Directions for this task: Nothing but the line with "view of 84.5" and the lines after it should appear, each retyped exactly as in the listing.

Data excerpts:
+ + + +

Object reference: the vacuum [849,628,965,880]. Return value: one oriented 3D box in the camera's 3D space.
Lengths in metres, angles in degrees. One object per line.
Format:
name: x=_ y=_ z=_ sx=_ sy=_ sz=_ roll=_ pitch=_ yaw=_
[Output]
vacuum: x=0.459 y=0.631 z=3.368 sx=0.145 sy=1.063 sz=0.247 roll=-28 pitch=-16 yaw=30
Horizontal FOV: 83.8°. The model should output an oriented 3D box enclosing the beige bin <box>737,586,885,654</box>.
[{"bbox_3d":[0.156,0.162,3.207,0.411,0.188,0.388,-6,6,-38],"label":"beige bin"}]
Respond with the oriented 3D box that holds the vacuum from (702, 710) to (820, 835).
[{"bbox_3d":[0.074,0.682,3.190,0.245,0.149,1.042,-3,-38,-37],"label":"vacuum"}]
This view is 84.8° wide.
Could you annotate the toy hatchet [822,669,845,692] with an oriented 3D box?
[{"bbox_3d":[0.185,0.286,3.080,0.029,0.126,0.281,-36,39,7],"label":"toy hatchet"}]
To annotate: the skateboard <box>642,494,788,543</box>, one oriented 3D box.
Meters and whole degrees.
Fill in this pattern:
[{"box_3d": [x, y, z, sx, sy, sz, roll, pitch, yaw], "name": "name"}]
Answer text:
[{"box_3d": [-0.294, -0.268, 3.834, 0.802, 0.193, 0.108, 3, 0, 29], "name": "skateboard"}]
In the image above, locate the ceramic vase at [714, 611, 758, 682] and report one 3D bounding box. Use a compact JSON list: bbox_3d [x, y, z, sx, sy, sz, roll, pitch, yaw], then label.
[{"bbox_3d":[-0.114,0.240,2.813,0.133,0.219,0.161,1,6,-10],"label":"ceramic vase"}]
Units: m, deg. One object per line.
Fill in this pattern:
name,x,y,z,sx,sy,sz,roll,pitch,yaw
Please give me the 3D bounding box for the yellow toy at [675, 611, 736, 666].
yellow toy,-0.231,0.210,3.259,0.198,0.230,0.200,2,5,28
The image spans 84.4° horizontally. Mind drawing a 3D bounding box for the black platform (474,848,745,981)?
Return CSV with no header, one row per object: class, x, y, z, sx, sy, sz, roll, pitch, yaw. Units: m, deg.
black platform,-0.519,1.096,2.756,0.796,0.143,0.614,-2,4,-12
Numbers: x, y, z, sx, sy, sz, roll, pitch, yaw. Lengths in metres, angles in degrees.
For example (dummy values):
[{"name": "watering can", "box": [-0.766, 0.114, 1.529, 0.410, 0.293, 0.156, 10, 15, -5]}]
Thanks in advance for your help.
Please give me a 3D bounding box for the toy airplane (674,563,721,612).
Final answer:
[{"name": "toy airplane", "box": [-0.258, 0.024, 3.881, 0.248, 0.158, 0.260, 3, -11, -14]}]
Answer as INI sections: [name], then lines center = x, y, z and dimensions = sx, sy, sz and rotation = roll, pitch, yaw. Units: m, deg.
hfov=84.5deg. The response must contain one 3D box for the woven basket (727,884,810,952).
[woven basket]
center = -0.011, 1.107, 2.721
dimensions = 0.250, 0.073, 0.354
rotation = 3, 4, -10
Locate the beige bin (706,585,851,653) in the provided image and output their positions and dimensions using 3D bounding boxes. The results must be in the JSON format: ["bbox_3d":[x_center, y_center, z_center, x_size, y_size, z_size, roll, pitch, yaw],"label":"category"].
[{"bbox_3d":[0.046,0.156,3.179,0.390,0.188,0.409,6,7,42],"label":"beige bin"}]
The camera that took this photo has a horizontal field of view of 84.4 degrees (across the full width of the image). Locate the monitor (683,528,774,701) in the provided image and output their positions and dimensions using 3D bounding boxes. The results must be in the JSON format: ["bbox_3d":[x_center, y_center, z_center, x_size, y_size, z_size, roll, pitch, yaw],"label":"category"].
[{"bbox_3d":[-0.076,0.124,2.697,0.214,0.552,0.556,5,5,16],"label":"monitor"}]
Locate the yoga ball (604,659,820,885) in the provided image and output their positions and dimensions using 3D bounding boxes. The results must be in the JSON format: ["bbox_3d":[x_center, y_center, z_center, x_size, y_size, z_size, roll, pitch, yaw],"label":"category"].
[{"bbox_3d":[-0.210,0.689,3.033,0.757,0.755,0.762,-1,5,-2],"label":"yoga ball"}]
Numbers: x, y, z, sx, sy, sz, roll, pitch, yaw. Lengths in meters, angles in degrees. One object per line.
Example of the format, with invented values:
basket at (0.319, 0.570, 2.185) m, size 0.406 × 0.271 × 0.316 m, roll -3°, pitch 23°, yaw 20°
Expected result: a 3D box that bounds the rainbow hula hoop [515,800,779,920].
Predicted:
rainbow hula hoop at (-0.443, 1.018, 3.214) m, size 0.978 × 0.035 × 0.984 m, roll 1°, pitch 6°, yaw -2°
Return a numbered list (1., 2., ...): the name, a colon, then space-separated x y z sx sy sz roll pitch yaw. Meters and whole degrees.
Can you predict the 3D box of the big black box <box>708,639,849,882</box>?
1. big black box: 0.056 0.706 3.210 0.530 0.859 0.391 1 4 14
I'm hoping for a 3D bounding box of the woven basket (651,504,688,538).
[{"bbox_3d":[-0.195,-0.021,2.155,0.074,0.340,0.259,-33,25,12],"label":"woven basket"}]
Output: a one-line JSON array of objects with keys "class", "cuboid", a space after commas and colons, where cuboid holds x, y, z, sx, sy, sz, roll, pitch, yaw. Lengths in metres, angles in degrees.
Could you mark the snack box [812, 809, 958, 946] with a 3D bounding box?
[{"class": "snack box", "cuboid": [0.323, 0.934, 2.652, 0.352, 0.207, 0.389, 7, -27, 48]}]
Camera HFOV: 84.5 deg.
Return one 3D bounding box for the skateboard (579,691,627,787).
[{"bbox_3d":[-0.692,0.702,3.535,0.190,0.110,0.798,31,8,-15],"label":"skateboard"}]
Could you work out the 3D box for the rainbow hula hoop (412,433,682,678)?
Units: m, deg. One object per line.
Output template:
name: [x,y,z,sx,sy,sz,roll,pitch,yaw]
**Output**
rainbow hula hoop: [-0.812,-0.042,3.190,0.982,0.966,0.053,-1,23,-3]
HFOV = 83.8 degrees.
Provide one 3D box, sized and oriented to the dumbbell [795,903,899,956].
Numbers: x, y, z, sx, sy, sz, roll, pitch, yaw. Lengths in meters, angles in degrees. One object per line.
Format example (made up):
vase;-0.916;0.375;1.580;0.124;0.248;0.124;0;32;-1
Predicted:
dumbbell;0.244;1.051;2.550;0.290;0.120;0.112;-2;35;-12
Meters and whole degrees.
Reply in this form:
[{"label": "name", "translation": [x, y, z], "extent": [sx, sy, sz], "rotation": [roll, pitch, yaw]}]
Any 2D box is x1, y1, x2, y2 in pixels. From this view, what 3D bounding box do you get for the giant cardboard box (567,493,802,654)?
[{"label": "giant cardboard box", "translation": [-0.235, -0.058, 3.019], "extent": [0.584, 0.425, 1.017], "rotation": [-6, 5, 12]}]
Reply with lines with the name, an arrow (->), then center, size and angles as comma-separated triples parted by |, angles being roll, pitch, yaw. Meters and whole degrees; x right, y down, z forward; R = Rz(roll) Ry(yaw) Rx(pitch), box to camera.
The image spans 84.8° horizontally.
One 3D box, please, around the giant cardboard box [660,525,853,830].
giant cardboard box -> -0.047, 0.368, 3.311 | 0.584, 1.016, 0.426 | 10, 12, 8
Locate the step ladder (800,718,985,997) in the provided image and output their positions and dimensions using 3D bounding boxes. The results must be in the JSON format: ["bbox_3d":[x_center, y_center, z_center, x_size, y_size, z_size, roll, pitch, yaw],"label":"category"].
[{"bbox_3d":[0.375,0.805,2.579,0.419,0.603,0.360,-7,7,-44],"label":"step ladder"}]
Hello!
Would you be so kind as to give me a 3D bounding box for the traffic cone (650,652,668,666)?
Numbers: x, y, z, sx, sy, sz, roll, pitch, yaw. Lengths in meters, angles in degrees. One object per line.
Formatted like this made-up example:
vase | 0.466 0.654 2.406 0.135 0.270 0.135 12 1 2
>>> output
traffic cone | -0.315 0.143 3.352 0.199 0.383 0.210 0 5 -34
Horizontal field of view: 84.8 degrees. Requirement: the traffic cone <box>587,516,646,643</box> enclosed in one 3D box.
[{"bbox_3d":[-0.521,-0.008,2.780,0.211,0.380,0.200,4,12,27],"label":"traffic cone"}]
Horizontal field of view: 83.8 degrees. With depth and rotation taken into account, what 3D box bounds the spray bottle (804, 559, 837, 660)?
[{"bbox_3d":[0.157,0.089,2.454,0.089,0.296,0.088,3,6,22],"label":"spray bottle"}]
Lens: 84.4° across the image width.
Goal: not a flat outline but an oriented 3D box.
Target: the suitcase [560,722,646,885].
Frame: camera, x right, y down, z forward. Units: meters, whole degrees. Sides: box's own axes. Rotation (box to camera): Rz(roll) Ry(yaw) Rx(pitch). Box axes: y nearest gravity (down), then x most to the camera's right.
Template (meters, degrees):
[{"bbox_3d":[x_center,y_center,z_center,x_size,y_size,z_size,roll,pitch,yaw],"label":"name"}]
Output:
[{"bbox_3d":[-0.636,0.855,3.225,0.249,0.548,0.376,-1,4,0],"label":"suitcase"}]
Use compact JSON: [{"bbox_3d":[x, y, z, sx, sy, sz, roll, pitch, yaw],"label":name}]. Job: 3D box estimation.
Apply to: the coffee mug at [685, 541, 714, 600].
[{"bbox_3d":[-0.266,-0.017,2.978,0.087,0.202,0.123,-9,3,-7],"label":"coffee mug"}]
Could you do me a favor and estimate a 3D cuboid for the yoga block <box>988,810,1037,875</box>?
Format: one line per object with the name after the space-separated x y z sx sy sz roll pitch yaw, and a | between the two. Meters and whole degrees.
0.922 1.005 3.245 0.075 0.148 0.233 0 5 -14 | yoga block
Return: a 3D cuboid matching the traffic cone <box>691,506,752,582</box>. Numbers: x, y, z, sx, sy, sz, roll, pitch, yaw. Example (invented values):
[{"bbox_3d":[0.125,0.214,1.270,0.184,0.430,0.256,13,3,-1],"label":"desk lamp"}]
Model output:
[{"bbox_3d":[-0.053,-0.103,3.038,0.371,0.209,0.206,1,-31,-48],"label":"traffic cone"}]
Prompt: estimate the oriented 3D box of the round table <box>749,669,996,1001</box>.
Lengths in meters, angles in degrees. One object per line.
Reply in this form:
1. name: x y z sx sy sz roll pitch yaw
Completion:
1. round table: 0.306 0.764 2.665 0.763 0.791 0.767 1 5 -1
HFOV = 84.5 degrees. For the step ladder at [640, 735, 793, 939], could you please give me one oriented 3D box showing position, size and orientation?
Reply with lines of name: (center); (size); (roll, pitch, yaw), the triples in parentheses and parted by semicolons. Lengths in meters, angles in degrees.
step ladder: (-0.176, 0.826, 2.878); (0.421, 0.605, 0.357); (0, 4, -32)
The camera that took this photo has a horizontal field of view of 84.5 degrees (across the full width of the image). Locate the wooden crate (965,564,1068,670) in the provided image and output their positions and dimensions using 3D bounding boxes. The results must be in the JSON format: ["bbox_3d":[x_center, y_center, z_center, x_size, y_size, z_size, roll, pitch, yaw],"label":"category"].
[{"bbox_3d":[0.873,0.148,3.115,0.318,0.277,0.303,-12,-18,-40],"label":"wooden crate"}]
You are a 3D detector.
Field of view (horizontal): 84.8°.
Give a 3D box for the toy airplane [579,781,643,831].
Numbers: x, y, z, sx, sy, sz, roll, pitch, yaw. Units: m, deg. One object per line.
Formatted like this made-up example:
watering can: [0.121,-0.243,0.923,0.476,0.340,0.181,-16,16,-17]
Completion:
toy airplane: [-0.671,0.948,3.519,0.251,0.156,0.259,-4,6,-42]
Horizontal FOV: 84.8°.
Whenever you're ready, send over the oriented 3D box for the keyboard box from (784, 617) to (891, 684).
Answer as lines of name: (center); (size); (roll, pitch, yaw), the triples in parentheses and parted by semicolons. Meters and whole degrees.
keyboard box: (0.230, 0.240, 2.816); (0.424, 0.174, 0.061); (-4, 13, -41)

+ + + +

Answer:
The camera that took this photo has a horizontal field of view of 84.5 degrees (across the full width of the image). Locate the wooden crate (965,564,1068,670) in the provided image and output their positions and dimensions using 3D bounding boxes. The results must be in the JSON format: ["bbox_3d":[x_center, y_center, z_center, x_size, y_size, z_size, roll, pitch, yaw],"label":"category"].
[{"bbox_3d":[0.873,0.148,3.115,0.318,0.277,0.303,-12,-18,-40],"label":"wooden crate"}]
You are a 3D detector.
Field of view (horizontal): 84.8°.
Give a 3D box for the toy airplane [579,781,643,831].
Numbers: x, y, z, sx, sy, sz, roll, pitch, yaw. Units: m, deg. One object per line.
Formatted like this made-up example:
watering can: [0.121,-0.243,0.923,0.476,0.340,0.181,-16,16,-17]
Completion:
toy airplane: [-0.671,0.948,3.519,0.251,0.156,0.259,-4,6,-42]
Horizontal FOV: 84.8°.
Whenever you're ready, send over the oriented 3D box for the keyboard box from (784, 617) to (891, 684).
Answer as lines of name: (center); (size); (roll, pitch, yaw), the triples in parentheses and parted by semicolons. Meters and whole degrees.
keyboard box: (0.230, 0.240, 2.816); (0.424, 0.174, 0.061); (-4, 13, -41)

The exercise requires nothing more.